The Myth Of Nabucco: Greed, Delusion and $11.4
Billion
Inside Beltwayistan, a number of Bushevik oil patch zombies
still roam the recession-blasted landscape mindlessly chanting their Caspian
mantra, “Happiness is multiple pipelines” - with the caveat that they flow
westwards and bypass both
Russia and
Iran.
They’ve now added a new word to their vocabulary, “Nabucco,” and worse, have
bitten a number of Obama administration officials and visiting European
politicians, who have joined their shuffling ranks.
Their thinking remains somewhat clouded by primordial
memories of Bush’s “fuzzy math,” as the statistics about Nabucco are
contradictory, to say the least. State Oil Company of the Azerbaijani Republic
(SOCAR) vice president Elshad Nasirov is now threatening to start selling
Azerbaijan’s
natural gas, currently Nabucco’s sole projected provider of throughput, to
Asian countries if
Europe further postpones Nabucco’s
construction.
Construction of the 56-inch, 2,050-mile pipeline, first
proposed in 2002, is tentatively slated to begin next year and scheduled for
completion by 2014. At a cost initially estimated at $11.4 billion and rising,
Nabucco will be the most expensive pipeline ever built, more than three times
the cost of the 1,092-mile Baku-Tbilisi-Ceyhan (BTC) oil pipeline. Raising such
a significant sum in a time of global recession would be an article of faith at
best.
Even assuming that Nabucco’s boosters manage to assemble a
coterie of deep-pocketed suckers – er, investors, the only promised current
volume for Nabucco's proposed 31 billion cubic meters (bcm) annual throughput
is Azerbaijan's future offshore Caspian Shah Deniz production, estimated at 8
bcm.
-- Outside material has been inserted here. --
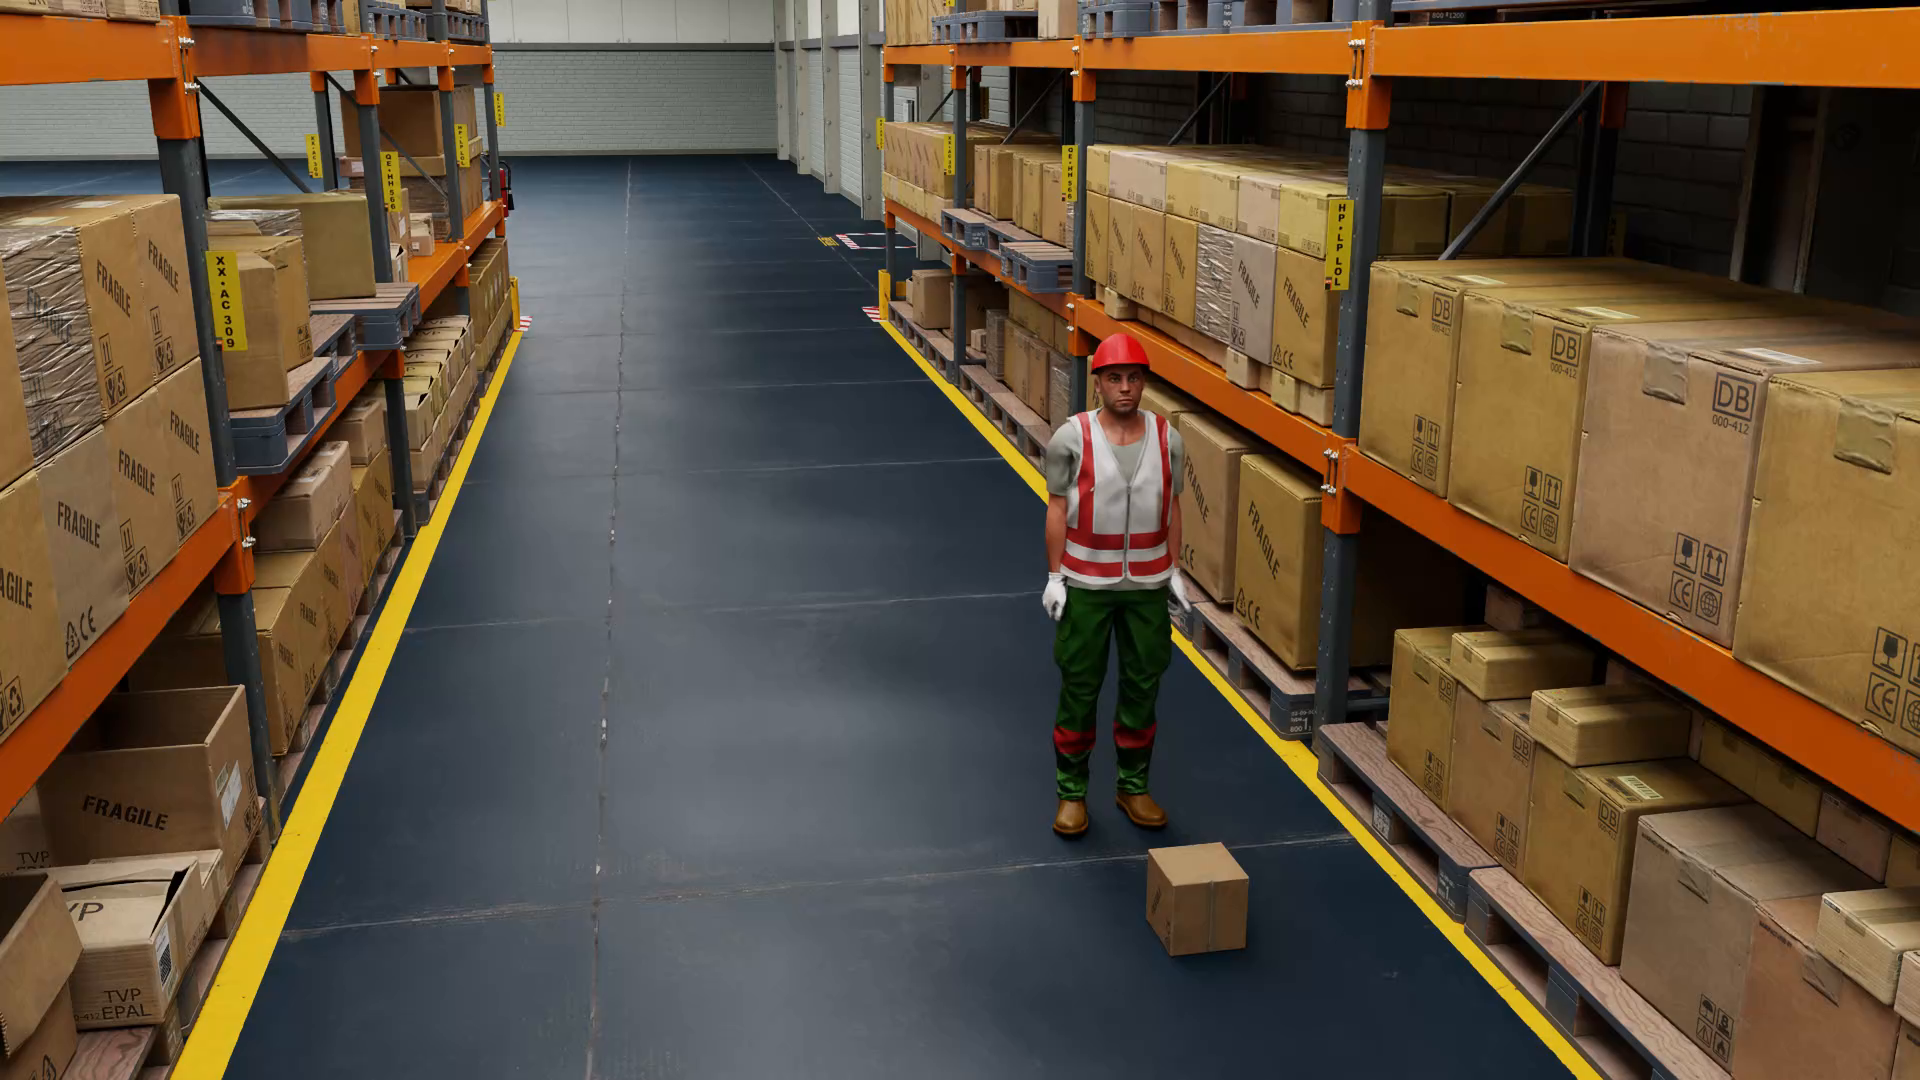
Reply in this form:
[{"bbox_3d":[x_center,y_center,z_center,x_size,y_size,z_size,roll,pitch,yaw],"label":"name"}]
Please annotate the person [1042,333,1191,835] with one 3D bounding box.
[{"bbox_3d":[0.562,0.162,5.928,0.531,1.795,0.380,-3,16,-10],"label":"person"}]

Even if Shah Deniz does end up supplying Nabucco, its currently promised
throughput leaves a deficit of 23 bcm, leading to the question of exactly whose
natural gas will Nabucco carry if SOCAR drops out, a worst case scenario
requiring the Nabucco consortium to scrounge not 23 bcm, but all 31 bcm per
annum, especially as Washington’s geopolitics invalidate the participation of
either Russia or Iran?
For those with knowledge of energy history in the
post-Soviet space, the 419-mile, $500 million Odessa-Brody oil pipeline,
completed in 2001, provides a cautionary tale to building pipelines without
throughput guarantees. The Ukrainian government rashly built the self-financed
line without foreign investment, stretching from its Black Sea port to the
Polish border to provide
Central Europe with oil despite
not having firm commitments from a single oil producing nation for export
throughputs. After the pipeline remained unused for three years, a reluctant
Kiev
was forced in 2004 to agree to transport Russian oil southwards in the opposite
direction, for export from
Odessa
rather than northwards to Central European markets as originally envisaged.
Further complicating the picture are the differing proposed
transit and pricing policies of the countries that Nabucco will pass through.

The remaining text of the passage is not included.